IronNet Discovers New PhaaS Targeting Banks, Others
IronNet researchers have observed an active cyber crime syndicate launching a new phishing-as-a-service (PhaaS) platform, selling phishing kits to cybercriminals who specialize in social engineering scams.
Known as Robin Banks, this threat actor provides ready-made phishing kits primarily targeting U.S.-based financial companies, as well as numerous companies in the United Kingdom, Canada and Australia, according to an IronNet blog.
Financial institutions advertised on the website include Bank of America, Capital One, Citibank, Wells Fargo and more. They also offer templates to phish Google, Microsoft, T-Mobile, as well as international companies like Lloyds Bank of England, Netflix in Canada, and Commonwealth Bank in Australia.
In mid-June, IronNet researchers observed a large-scale campaign using the Robin Banks phishing kit, targeting victims via text and email. The goal behind this campaign was to access credentials and financial information pertaining to Citibank, in addition to Microsoft account credentials.
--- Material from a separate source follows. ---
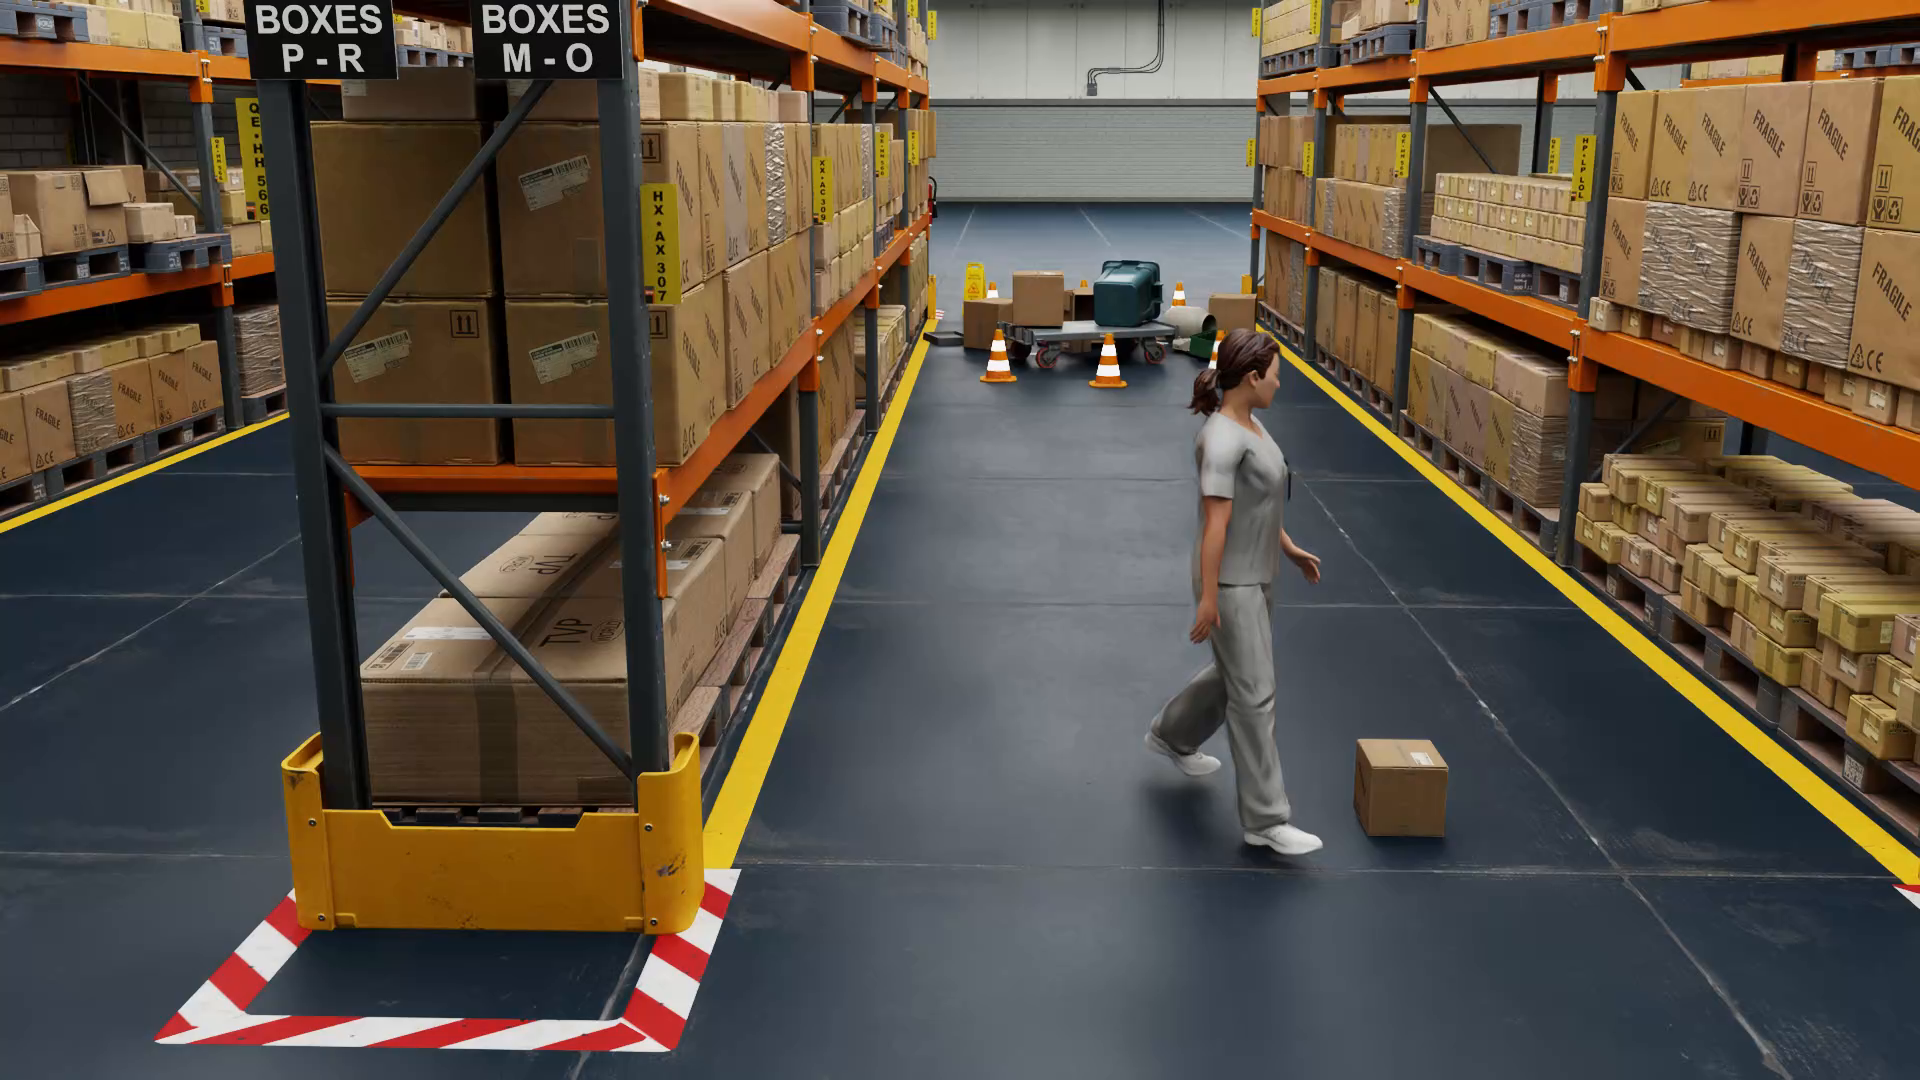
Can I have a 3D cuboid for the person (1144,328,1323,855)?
[{"bbox_3d":[0.917,0.129,5.474,0.808,1.648,0.623,8,16,29],"label":"person"}]

Based IronNet’s investigation of the threat actor, this campaign proved very successful. Numerous victims had account information sold via the dark web and various Telegram channels.
Roger Grimes is data-driven defense evangelist at KnowBe4.
“There is nothing any business can do better than to defeat social engineering and phishing to reduce their risk to cybercrime,” he said. “Every organization should focus more on defeating social engineering and phishing, and less on other types of attacks that are far less likely to happen. It is because nearly every business fails to adequately focus on social engineering as the No. 1 attack vector, by far, that allows hackers and their malware creations to be so successful. Every business needs to create more and better defense-in-depth policies, technical defenses and education to defeat social engineering.”
Social engineering is involved in 70-90% of all malicious data breaches, Grimes said.
“And yet we continue to treat it as just one of the many ways we can be hacked instead of the primary way we are hacked,” he said. “Hackers love that we continue to be distracted by far less popular hacking attacks and continue for decades to not focus that much on fighting phishing and social engineering.”